It turns out that guaranteeing we don't miss a wakeup while retaining
good performance is fairly tricky. This is because of some details of
the C++11 memory model. But let's ignore those for now and generally
assume sequential consistency. In that case, our scheme should work
perfectly.

Even if you assume seqcst, though, ensuring that you don't miss
wakeups can be fairly tricky in the absence of a central queue. For
example, consider the simplest scheme: imagine we just had a boolean
flag indicating whether anyone was asleep. Then you could imagine that
when workers find no work, they flip this flag to true. When work is
published, if the flag is true, we issue a wakeup.

The problem here is that checking for new work is not an atomic
action. So it's possible that worker 1 could start looking for work
and (say) see that worker 0's queue is empty and then search workers
2..N.  While that searching is taking place, worker 0 publishes some
new work.  At the time when the new work is published, the "anyone
sleeping?" flag is still false, so nothing happens. Then worker 1, who
failed to find any work, goes to sleep --- completely missing the wakeup!
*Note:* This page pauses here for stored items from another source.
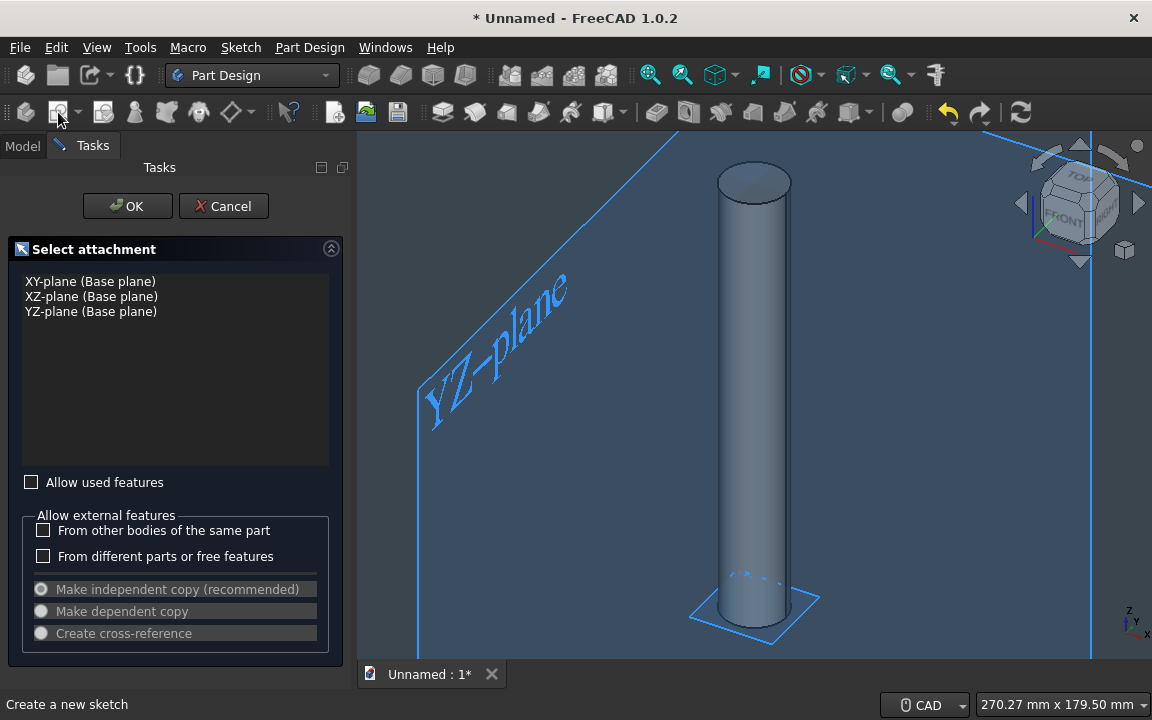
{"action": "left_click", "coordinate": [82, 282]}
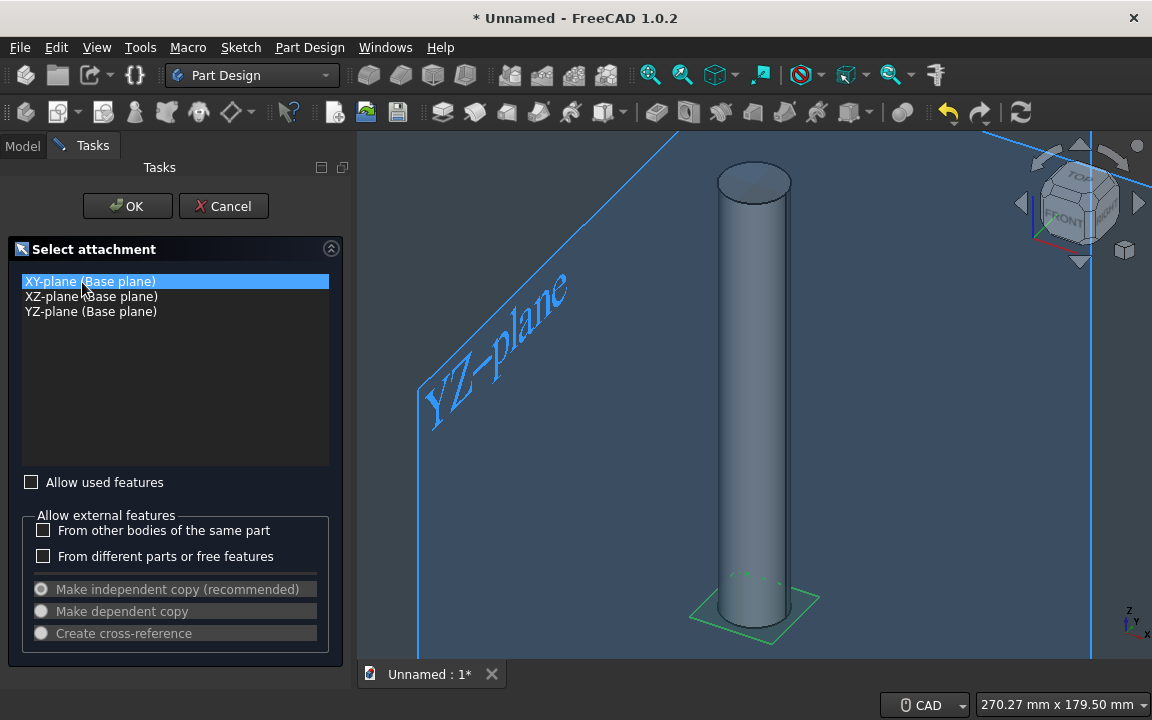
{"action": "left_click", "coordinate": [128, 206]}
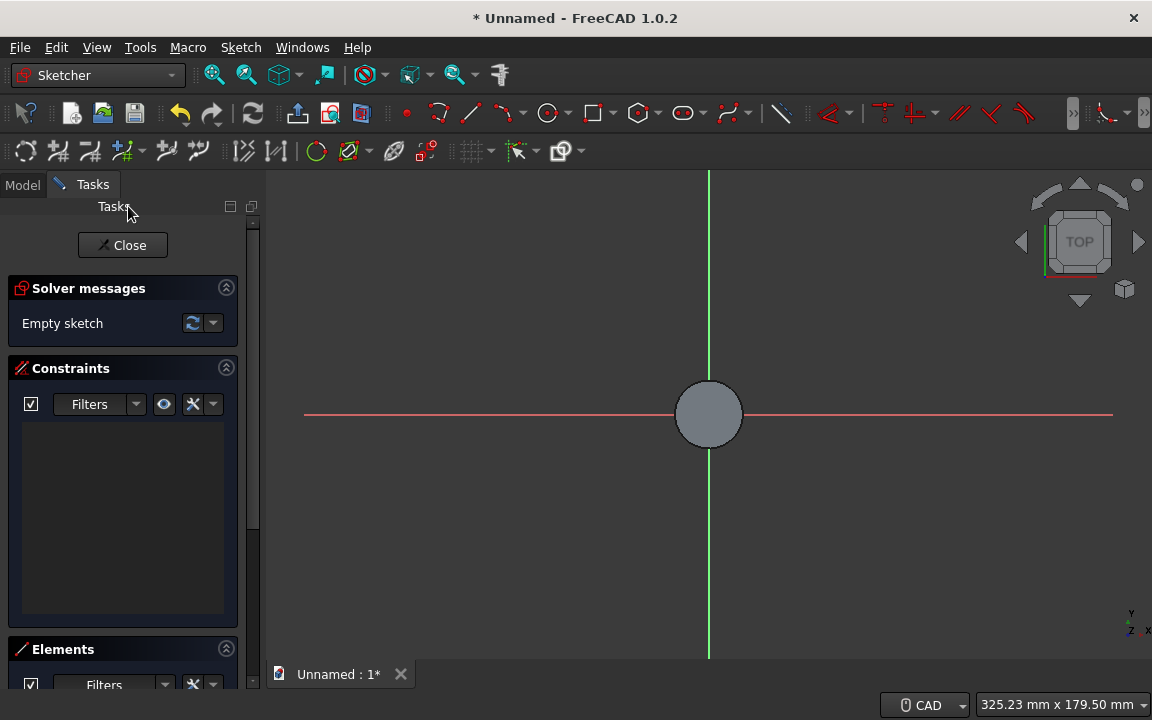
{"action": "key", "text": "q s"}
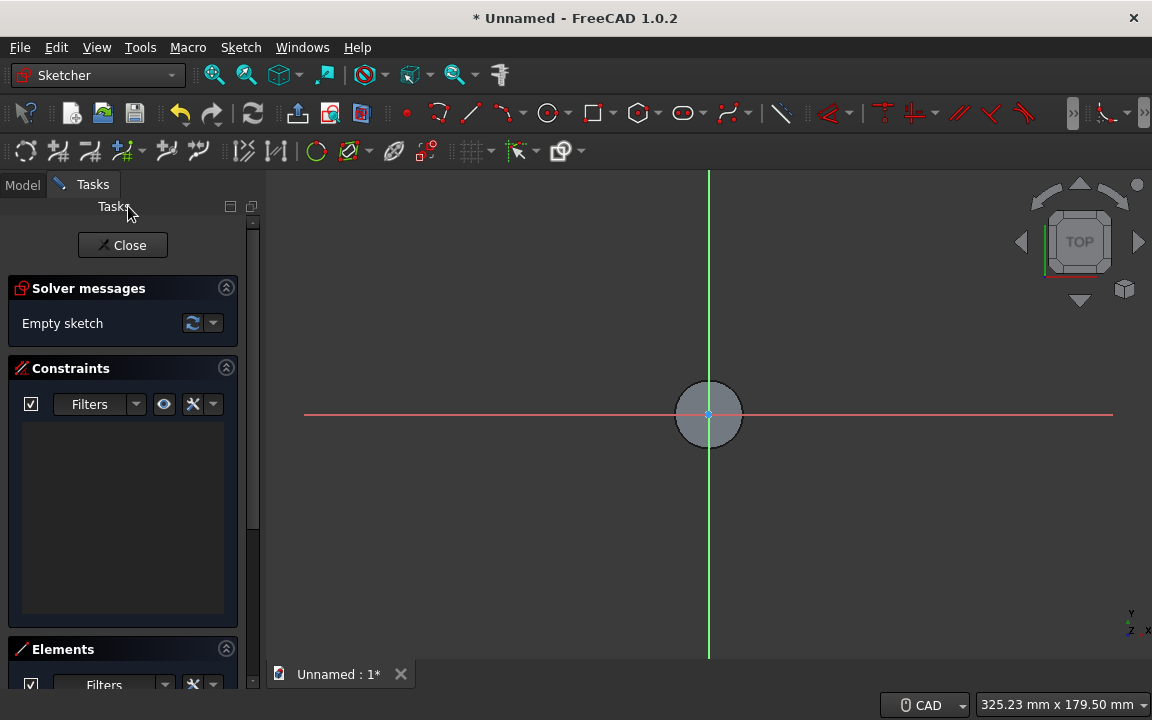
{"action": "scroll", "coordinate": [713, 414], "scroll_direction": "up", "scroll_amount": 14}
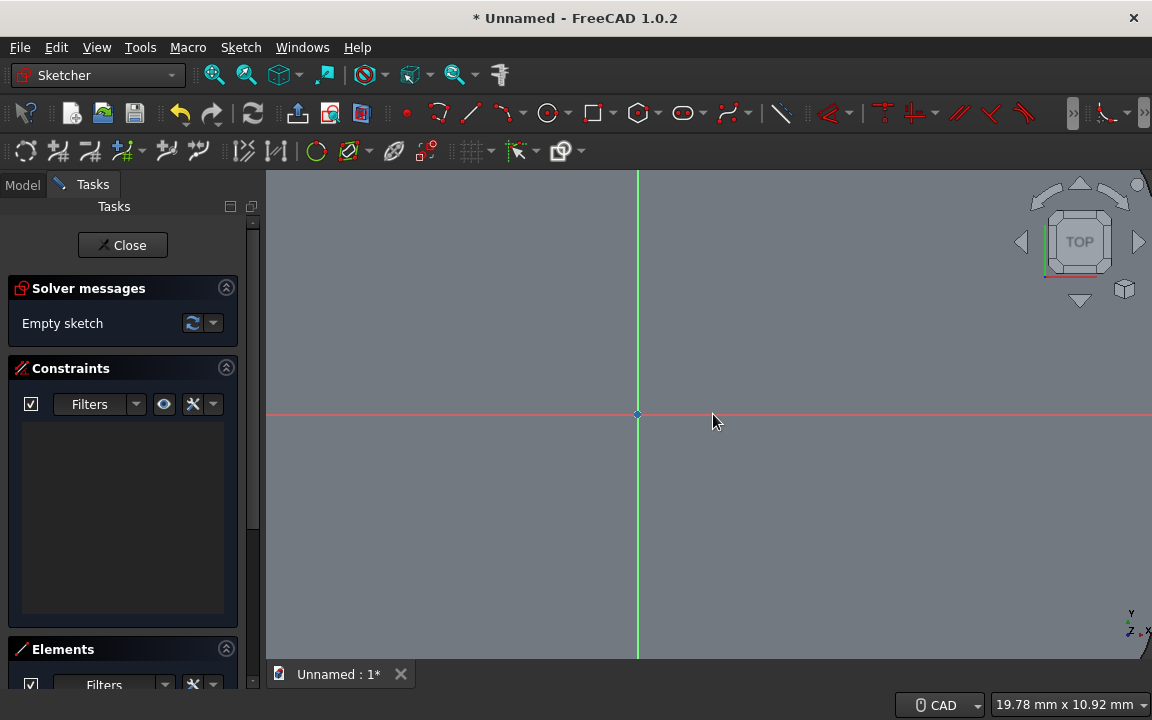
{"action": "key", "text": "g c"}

We use the "sleepy worker" idea to sidestep this problem. Under our
scheme, instead of going right to sleep at the end, worker 1 would
become sleepy.  Worker 1 would then do **at least** one additional
scan. During this scan, they should find the work published by worker
0, so they will stop being sleepy and go back to work (here of course
we are assuming that no one else has stolen the worker 0 work yet; if
someone else stole it, worker 1 may still go to sleep, but that's ok,
since there is no more work to be had).

Now you may be wondering -- how does being sleepy help? What if,
instead of publishing its job right before worker 1 became sleepy,
worker 0 wait until right before worker 1 was going to go to sleep? In
other words, the sequence was like this:

- worker 1 gets sleepy
- worker 1 starts its scan, scanning worker 0's deque
- worker 0 publishes its job, but nobody is sleeping yet, so no wakeups occur
- worker 1 finshes its scan, goes to sleep, missing the wakeup

The reason that this doesn't occur is because, when worker 0 publishes
its job, it will see that there is a sleepy worker. It will clear the
global state to 0.  Then, when worker 1 its scan, it will notice that
it is no longer sleepy, and hence it will not go to sleep. Instead it
will awaken and keep searching for work.

The sleepy worker phase thus also serves as a cheap way to signal that
work is around: instead of doing the whole dance of acquiring a lock
and issuing notifications, when we publish work we can just swap a
single atomic counter and let the sleepy worker notice that on their
own.

## Beyond seq-cst

Unfortunately, the C++11 memory model doesn't generally guarantee
seq-cst. And, somewhat annoyingly, it's not easy for the sleep module
**in isolation** to guarantee the properties the need. The key
challenge has to do with the *synchronized-with* relation. Typically,
we try to use acquire-release reasoning, and in that case the idea is
that **if** a load observes a store, it will also observe those writes
that preceded the store. But nothing says that the load **must**
observe the store -- at least not right away.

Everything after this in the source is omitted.